Elsewhere in the interview, the Irish actor was asked if becoming a leading man makes it difficult to find things to dream of, to which he replied that it doesn't. "I don't want to get to a place of fulfillment, weirdly," he replied. "I want to keep chasing this f— thing, whatever it is."

He added that he wants to be motivated, respected, admired, and appreciated for his talent, as well as for pushing himself and going beyond. "Those boundaries within yourself—like, Can I do this? This role is physical, this role requires this accent," he said. "I'd love to do a part where I've physically transformed."

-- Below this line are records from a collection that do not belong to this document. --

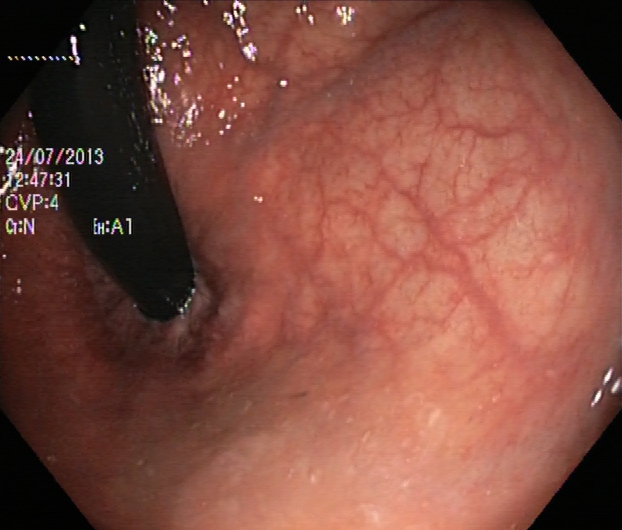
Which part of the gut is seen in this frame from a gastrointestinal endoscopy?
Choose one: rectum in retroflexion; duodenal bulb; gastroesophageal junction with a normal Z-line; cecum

rectum in retroflexion
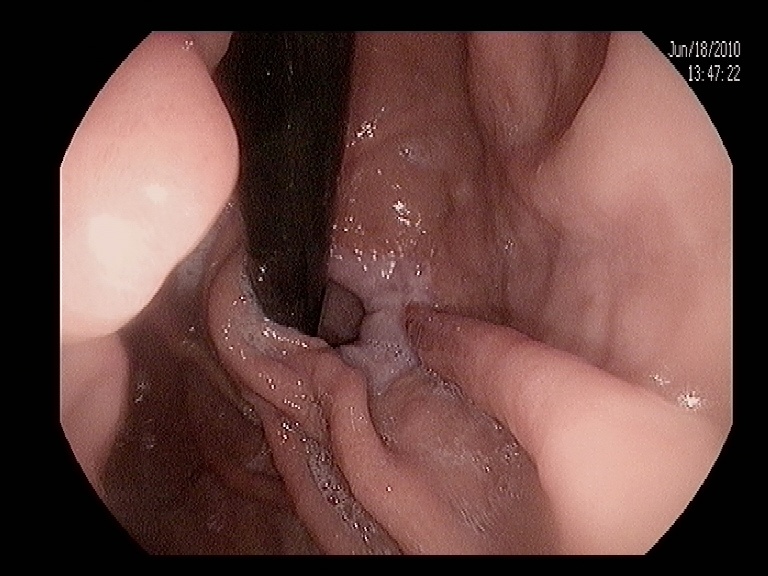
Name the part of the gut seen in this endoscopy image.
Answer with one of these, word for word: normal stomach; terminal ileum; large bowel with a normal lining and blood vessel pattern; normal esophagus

normal stomach
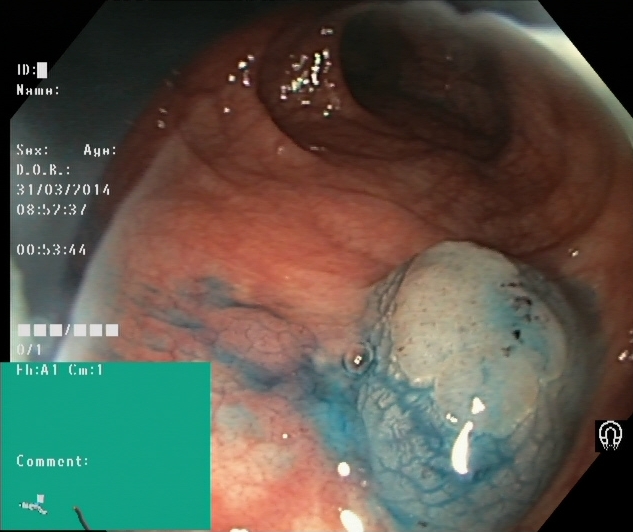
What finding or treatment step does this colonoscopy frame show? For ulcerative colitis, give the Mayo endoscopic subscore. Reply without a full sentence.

dyed and lifted polyp (pre-resection)
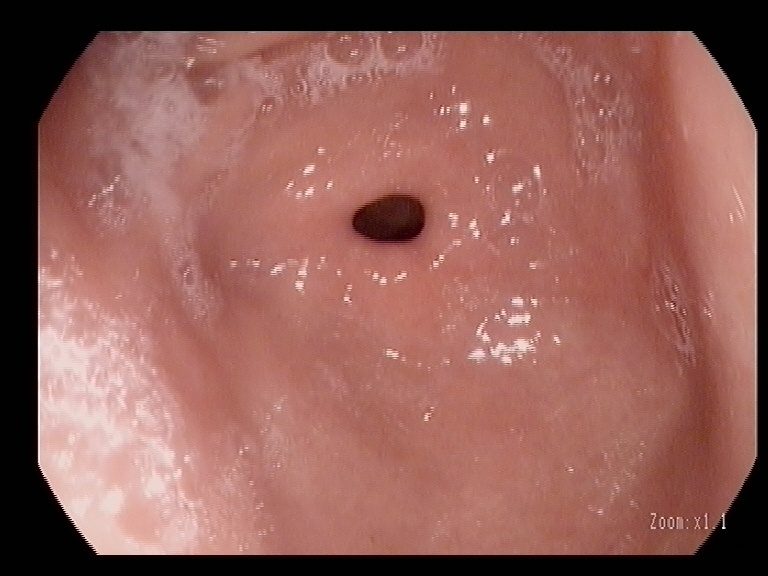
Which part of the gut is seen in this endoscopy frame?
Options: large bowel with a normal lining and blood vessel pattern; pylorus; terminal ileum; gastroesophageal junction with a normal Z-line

pylorus
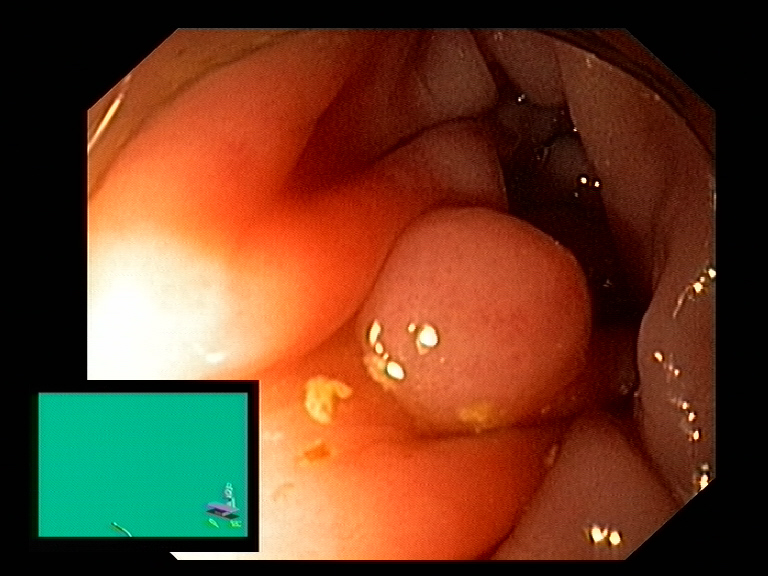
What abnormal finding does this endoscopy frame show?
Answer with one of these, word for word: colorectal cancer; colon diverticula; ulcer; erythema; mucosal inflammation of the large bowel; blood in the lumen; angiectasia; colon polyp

colon polyp
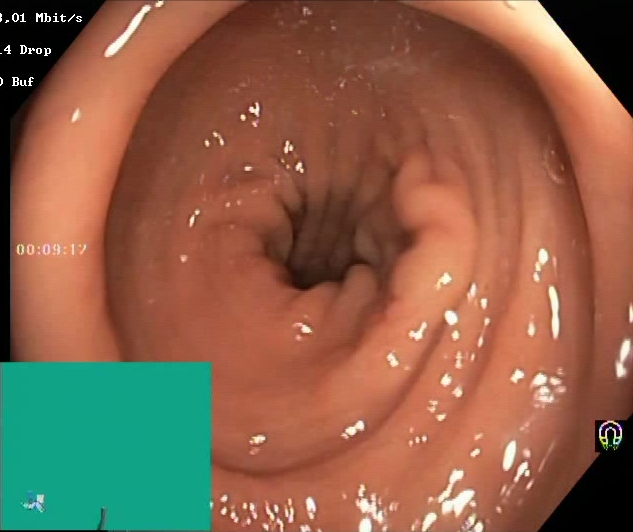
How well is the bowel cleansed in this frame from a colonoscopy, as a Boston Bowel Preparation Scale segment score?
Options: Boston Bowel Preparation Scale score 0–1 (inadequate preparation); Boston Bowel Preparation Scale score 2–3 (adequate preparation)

Boston Bowel Preparation Scale score 2–3 (adequate preparation)
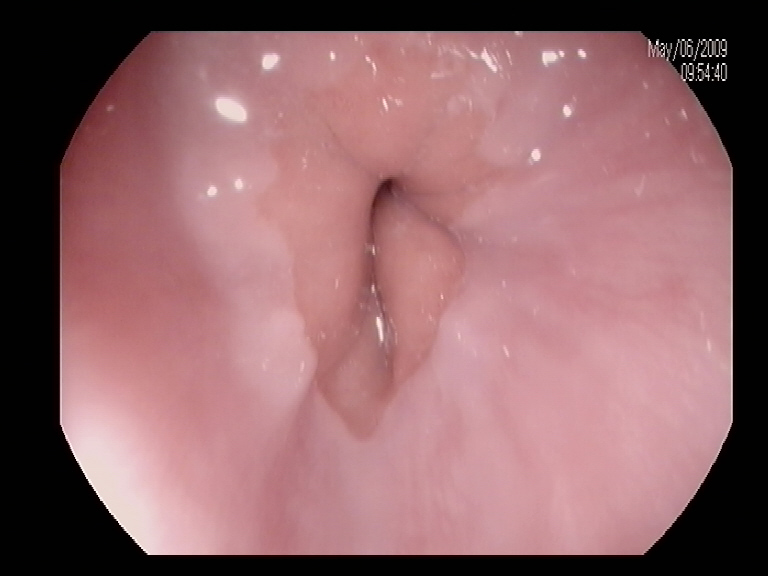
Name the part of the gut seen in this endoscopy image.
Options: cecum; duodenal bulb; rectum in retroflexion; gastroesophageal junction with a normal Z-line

gastroesophageal junction with a normal Z-line
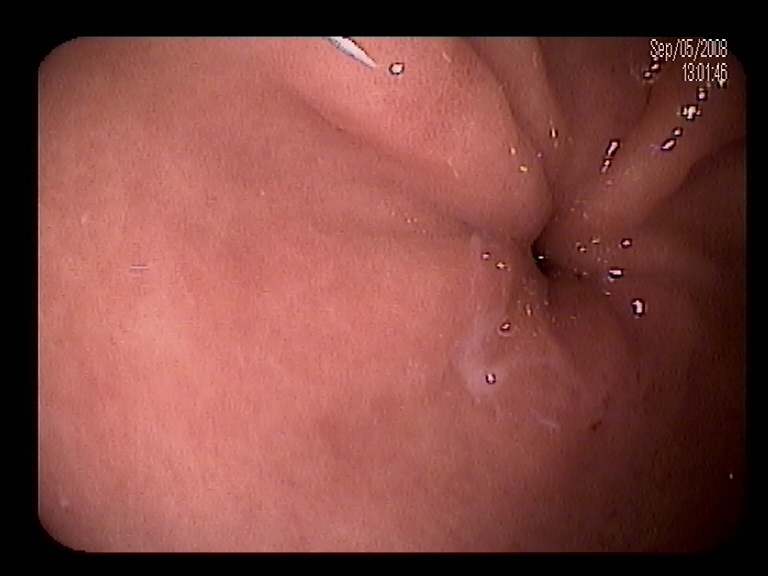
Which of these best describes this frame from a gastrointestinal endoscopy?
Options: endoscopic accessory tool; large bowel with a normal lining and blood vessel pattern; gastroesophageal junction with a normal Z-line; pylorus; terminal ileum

pylorus

Keoghan admitted that he enjoys the praise and recognition but is hesitant about enjoying it excessively. "You can get caught up in it, and it's kind of dangerous in that sense," he says. This is why he makes his hotel bed every morning, even though he knows the staff will come around and change it themselves. "It's just to start your day good, to kind of bring you back to gravity," he said. "At least I've made it. It's small, simple stuff like that, keeps you from floating away."